Wem es nicht gegönnt war, Erich Kunz auf der Bühne zu erleben, für den möchte ich eine seiner bekanntesten von den unzähligen Anekdoten nacherzählen:
In der Ära Karajan gastierte die Wiener Staatsoper mit dem "Rosenkavalier" an der Mailänder Scala. Alles war bereit, da fehlte plötzlich der Notar, der im 1. Akt mit dem Ochs um den Ehevertrag zu feilschen hatte. Kunz der den Faninal sang, wurde von Karajansekretär Mattoni gebeten, doch gegen eine Extragage auch diese Partie mitzuübernehmen. Da erinnerte sich unser Spaßmacher an eine Freund, einen gewissen Dr. Bruno Fichtinger (ich glaube es war der Zahnarzt der Familie?), der schwärmerisch davon träumte auch einmal auf einem Opernzettel als Akteur zu stehen zu dürfen. Und so wurde vereinbart, dass Erich Kunz den Notar unter dem Namen Bruno Fichtinger singen sollte. Den so gedruckten Programmzettel nahm man als Souvenir dem Freund mit.
Ein gelungener Gag, doch die Anekdote ist noch nicht zu Ende: im nächsten Jahr gastierte man wieder mit "Rosenkavalier" und auf die Bitte von Kunz, doch wiederum auch den Notar mitzuübernehmen zu dürfen, kam die prompte Telegrammantwort aus Mailand: "Kunz als Notar nicht akzeptabel - wollen lieber Bruno Fichtinger!"
Derlei Geschichten und noch so manche direkt von der Bühne würden wahrscheinlich ein ganzes Buch füllen.
Was aber Erich Kunz für uns alle, die mit unserer Oper zutiefst verwurzelt sind, bedeutet, wurde anlässlich seiner letzten Geburtstagsmatinee klar: dort sang Kunz nach seinem unverwüstlichen Schweinebaron Zsùpan, wohl das Symbol seines Urwienertums schlechthin: "Das Fiakerlied".

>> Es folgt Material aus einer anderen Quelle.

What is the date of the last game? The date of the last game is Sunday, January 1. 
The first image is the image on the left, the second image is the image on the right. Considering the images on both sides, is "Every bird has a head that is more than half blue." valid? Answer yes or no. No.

44 Wiener Opernsaisonen, 14 überlebte Direktoren und war bis 1989 noch immer in den eingangs erwähnten Partien tätig, das war und bleibt Erich Kunz, der wie kein zweiter an diesem Vormittag die große Liebe und Bewunderung seines Publikums entgegennehmen durfte.
Ich bekenne mich offen, nicht nur aus Freundschaftsgründen zur Familie, auch zu diesen zu gehören, die sich alljährlich auf die Silvestervorstellungen mit ihm als Gefängnisdirektor Frank in der "Fledermaus" zu freuen und jede weitere kleine Partie zu genießen.
An diese hier kann ich mich besonders gut erinnern: als er im Jahr 1966 in der Shakespearevertonung von Benjamin Brittens den Zettel im "Sommernachtstraum" spielte, posaunte er den pathetisch idealistischen Satz heraus: "Lasst mich den Löwen spielen" - ohne Zweifel, das hätte unser geliebtes Opernfaktotum auch gekonnt...
So ging mein Nachmittag mit Erich Kunz im herüberdämmernden Laterndlzauber der Grinzinger Heurigen zu Ende (1987).
Sein letzter Herzenswunsch (1989), der für die Staatsoper eine spezielle Angelegenheit sein sollte, ging in Erfüllung: auch an seinem 80. Geburtstag noch in seinem geliebten Haus auf dem Programmzettel zu stehen - als Mesner in der "Tosca".....
Erich Kunz starb am 8.9.1995 in Wien, und liegt in einem Ehrengrab der Stadt Wien auf dem Wiener Zentralfriedhof, 2. Tor Gruppe 40, Nummer 174.